[Stored data entries]

[Start of Attachment]

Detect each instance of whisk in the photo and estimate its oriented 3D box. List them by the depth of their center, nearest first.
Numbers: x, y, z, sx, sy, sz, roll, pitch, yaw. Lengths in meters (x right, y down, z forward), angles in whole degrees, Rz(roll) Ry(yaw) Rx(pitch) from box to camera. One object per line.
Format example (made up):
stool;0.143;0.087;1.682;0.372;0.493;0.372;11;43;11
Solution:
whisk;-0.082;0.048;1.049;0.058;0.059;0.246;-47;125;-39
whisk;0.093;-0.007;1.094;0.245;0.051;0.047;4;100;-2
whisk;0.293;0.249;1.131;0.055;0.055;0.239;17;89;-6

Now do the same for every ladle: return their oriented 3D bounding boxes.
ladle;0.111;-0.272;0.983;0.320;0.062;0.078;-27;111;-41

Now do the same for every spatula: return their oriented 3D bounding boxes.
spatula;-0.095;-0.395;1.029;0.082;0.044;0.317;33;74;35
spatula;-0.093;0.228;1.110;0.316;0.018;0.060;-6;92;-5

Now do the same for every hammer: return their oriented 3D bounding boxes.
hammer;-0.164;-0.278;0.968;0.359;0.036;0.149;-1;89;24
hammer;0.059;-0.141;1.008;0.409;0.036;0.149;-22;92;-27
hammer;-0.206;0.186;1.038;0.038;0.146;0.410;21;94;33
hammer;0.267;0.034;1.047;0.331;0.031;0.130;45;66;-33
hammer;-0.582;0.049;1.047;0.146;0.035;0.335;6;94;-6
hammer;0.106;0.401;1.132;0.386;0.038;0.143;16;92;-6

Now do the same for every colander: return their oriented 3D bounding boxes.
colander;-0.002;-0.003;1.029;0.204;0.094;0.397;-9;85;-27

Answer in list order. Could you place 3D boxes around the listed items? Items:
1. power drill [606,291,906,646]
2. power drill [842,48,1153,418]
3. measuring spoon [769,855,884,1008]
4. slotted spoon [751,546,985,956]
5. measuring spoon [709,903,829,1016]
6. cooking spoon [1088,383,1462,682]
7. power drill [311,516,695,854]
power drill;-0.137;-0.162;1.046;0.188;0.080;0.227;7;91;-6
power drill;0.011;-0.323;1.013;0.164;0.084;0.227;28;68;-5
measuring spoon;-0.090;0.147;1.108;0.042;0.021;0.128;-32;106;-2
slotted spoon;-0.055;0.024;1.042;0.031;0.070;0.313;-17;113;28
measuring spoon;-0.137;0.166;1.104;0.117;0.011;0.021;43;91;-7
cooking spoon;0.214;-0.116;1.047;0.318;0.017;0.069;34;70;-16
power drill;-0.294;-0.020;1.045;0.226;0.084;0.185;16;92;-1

[End of Attachment]
[Start of Attachment]

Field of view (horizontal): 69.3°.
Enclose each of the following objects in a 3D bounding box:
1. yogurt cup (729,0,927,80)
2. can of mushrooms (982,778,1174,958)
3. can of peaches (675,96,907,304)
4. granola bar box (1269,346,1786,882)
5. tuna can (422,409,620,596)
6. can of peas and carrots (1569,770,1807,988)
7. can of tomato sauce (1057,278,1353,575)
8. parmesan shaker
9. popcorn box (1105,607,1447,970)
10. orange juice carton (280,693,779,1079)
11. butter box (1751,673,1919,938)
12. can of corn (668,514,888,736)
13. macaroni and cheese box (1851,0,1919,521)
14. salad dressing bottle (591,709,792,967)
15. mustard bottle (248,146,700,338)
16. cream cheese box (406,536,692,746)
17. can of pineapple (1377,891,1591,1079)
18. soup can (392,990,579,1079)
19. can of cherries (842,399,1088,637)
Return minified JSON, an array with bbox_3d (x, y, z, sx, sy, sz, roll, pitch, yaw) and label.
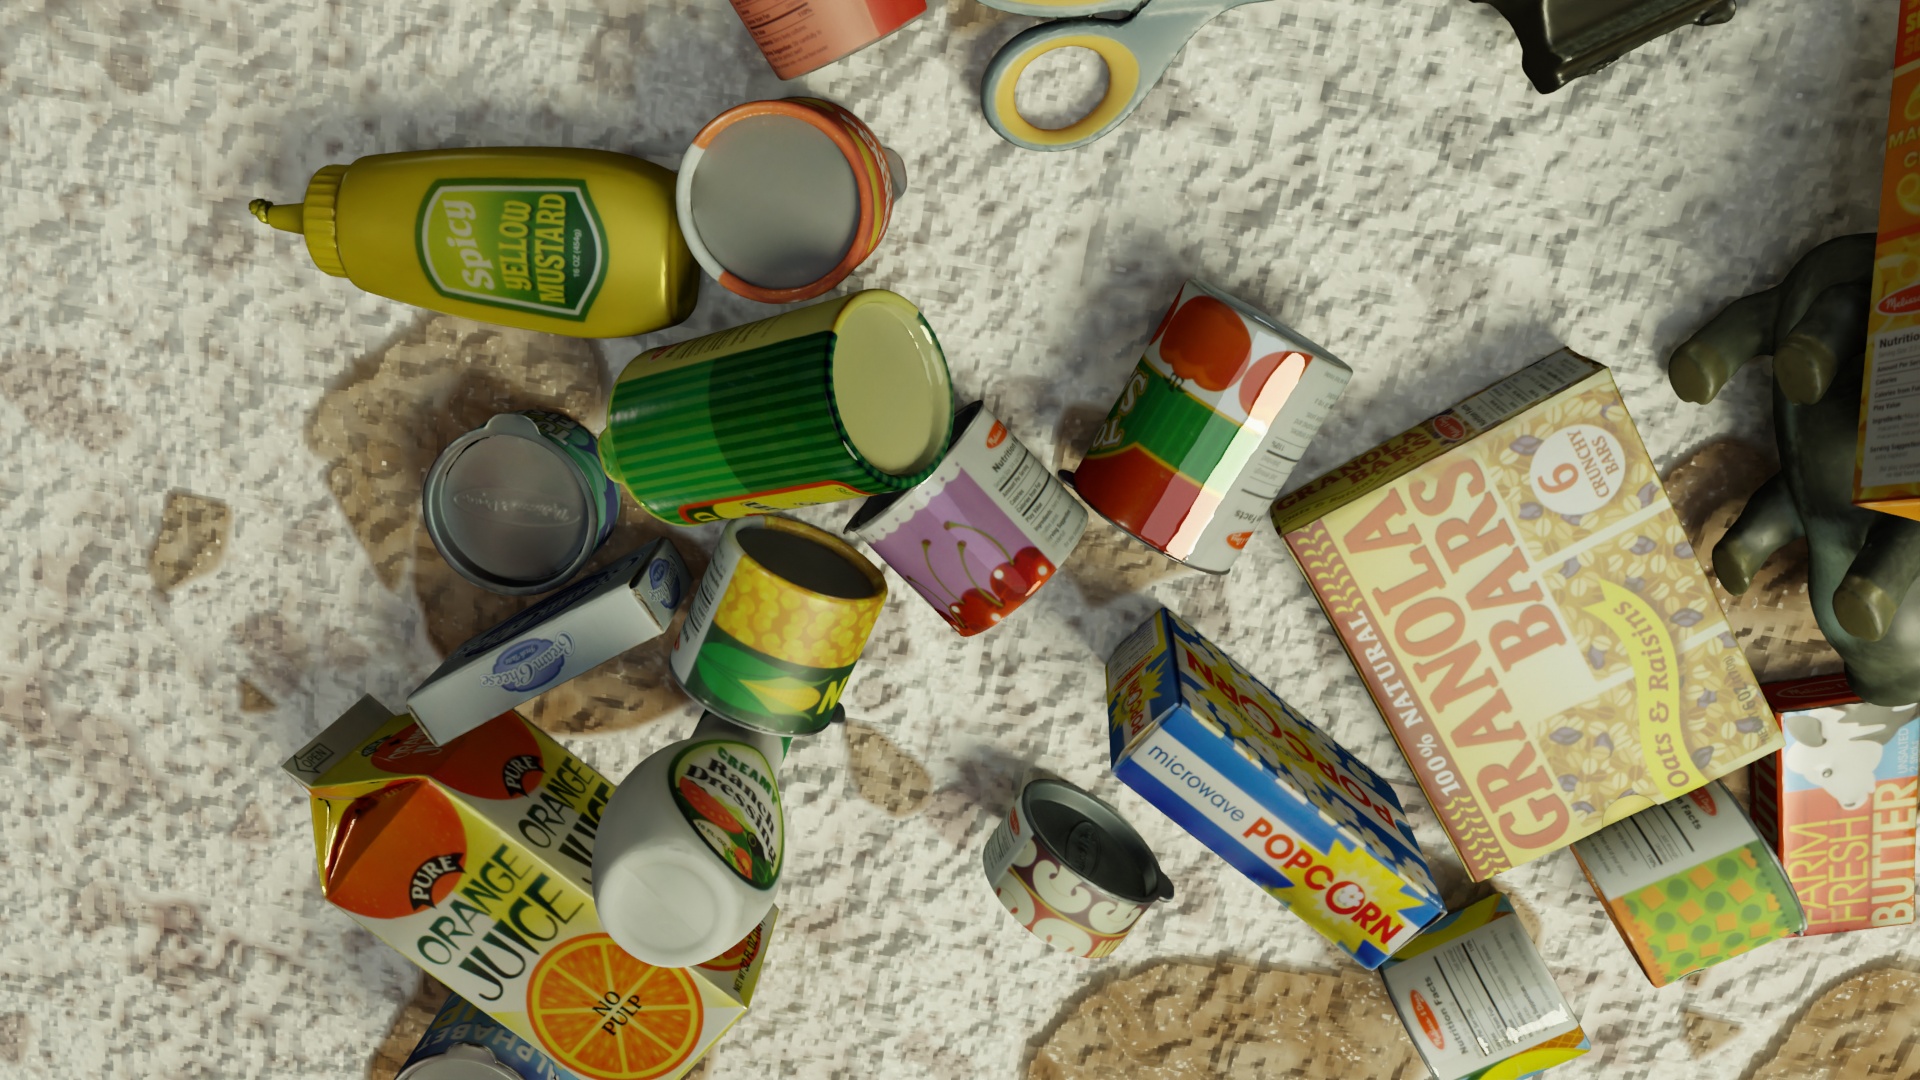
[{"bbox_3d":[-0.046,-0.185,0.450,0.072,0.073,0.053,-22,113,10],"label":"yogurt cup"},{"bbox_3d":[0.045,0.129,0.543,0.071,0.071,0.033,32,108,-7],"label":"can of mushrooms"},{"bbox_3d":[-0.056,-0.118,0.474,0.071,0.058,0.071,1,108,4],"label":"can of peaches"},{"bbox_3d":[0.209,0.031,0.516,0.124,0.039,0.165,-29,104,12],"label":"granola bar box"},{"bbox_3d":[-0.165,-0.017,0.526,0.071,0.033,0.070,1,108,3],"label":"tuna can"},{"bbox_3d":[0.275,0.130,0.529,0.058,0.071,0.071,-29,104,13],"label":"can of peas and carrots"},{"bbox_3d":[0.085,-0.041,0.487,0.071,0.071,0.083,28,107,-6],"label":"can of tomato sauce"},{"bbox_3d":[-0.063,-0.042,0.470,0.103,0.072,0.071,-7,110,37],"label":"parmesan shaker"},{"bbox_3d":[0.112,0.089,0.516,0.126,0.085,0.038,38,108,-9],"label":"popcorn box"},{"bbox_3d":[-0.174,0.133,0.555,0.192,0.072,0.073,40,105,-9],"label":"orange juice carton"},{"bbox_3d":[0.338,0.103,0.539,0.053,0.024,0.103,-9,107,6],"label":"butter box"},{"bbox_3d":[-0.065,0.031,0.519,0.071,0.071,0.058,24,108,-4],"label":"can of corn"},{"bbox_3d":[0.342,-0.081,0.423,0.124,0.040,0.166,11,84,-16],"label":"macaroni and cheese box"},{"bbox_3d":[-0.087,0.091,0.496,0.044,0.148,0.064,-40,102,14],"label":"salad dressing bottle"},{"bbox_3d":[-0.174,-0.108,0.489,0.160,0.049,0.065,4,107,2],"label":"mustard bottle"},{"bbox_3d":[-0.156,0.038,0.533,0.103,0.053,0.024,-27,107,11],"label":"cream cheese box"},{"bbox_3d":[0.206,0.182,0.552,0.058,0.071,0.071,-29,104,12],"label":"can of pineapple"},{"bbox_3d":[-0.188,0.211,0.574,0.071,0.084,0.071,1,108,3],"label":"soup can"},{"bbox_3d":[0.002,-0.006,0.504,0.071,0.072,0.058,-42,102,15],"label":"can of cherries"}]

[End of Attachment]
[Start of Attachment]

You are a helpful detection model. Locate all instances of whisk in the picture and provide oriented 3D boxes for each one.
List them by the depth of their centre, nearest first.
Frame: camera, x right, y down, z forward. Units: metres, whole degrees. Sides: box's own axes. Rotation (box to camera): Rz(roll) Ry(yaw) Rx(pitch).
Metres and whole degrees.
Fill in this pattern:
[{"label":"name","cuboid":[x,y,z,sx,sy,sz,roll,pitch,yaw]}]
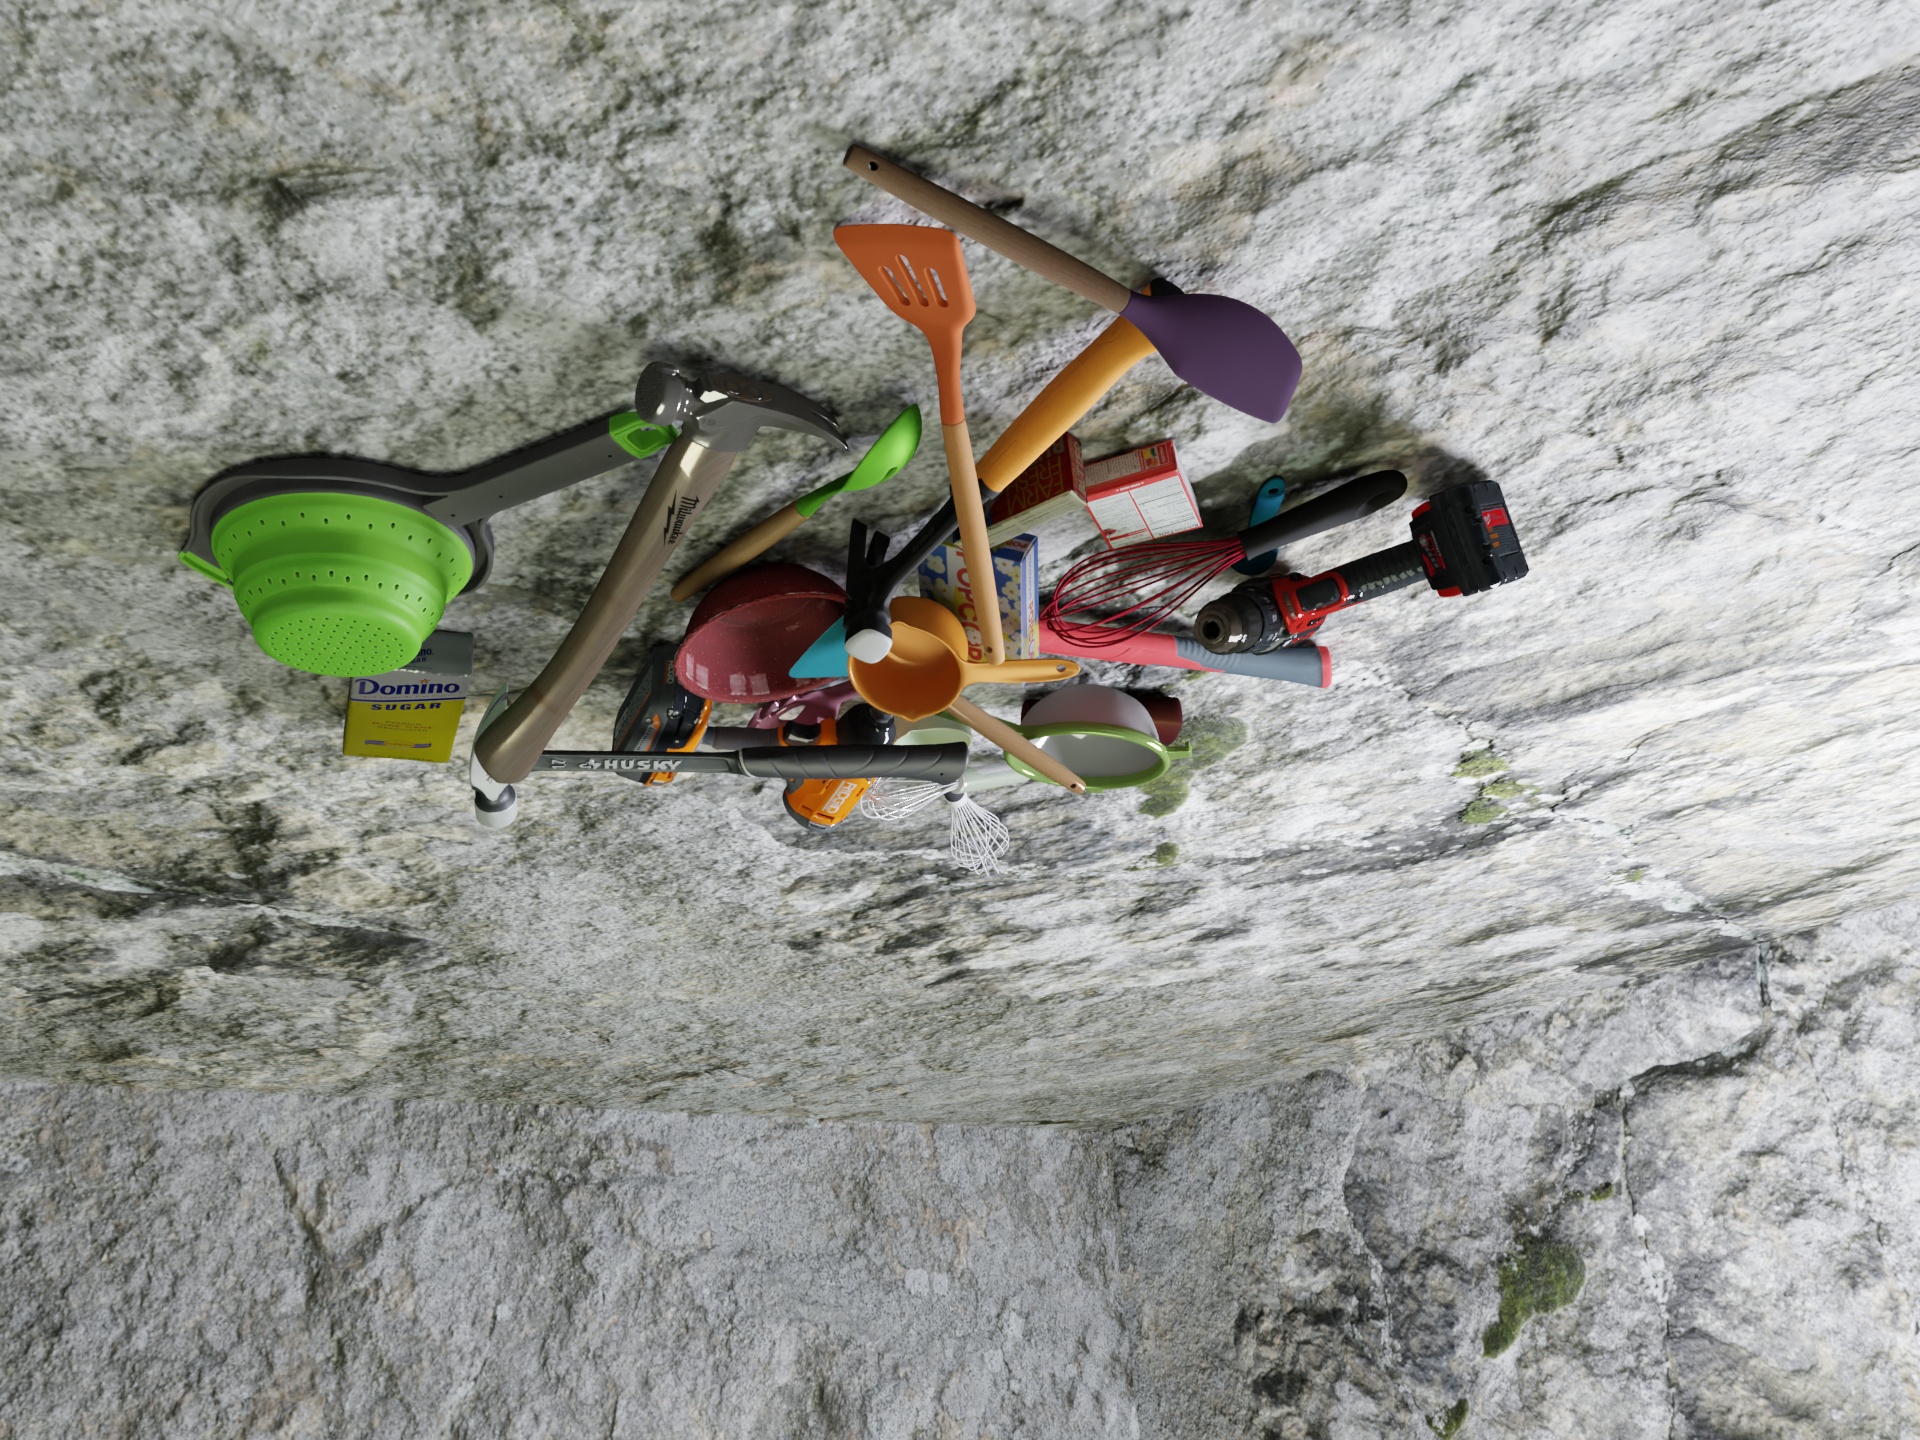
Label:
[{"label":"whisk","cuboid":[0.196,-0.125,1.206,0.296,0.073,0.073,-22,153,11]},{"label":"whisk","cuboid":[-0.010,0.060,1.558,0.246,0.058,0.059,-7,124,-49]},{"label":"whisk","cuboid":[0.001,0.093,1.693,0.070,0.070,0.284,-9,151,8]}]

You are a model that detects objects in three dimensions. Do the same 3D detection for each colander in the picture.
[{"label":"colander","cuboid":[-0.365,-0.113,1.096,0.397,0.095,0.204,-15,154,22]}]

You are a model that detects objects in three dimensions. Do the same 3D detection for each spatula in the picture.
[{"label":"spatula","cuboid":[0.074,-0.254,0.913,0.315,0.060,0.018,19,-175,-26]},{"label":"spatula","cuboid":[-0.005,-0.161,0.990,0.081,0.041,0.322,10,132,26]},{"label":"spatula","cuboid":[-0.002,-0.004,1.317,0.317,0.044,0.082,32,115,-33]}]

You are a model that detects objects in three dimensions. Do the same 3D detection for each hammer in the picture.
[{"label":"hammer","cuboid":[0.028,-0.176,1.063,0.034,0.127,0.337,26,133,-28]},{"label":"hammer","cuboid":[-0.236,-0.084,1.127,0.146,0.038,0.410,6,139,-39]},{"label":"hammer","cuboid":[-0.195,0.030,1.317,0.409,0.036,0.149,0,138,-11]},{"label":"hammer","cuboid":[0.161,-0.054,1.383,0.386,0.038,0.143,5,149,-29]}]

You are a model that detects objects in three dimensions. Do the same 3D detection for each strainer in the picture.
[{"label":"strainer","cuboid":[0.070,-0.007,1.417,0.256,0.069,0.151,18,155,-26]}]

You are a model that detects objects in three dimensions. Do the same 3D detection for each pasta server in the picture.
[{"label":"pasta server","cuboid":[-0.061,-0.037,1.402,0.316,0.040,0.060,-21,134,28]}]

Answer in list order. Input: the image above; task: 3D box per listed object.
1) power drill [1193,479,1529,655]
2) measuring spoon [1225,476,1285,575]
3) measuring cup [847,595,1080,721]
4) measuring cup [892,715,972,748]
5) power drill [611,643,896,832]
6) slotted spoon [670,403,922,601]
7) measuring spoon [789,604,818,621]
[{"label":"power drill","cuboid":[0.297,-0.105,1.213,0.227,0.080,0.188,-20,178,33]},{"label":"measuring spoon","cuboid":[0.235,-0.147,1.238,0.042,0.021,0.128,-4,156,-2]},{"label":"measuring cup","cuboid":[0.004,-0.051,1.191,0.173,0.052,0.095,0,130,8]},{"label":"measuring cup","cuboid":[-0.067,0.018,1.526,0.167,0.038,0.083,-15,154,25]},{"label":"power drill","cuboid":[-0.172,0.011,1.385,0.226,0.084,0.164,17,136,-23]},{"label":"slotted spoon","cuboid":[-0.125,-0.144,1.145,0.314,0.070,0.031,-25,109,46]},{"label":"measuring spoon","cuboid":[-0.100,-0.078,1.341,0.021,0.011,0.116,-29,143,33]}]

[End of Attachment]

EXERCISE GOAL
Tally the lines above containing "them". Number only.

OUTPUT FOR THIS EXERCISE
2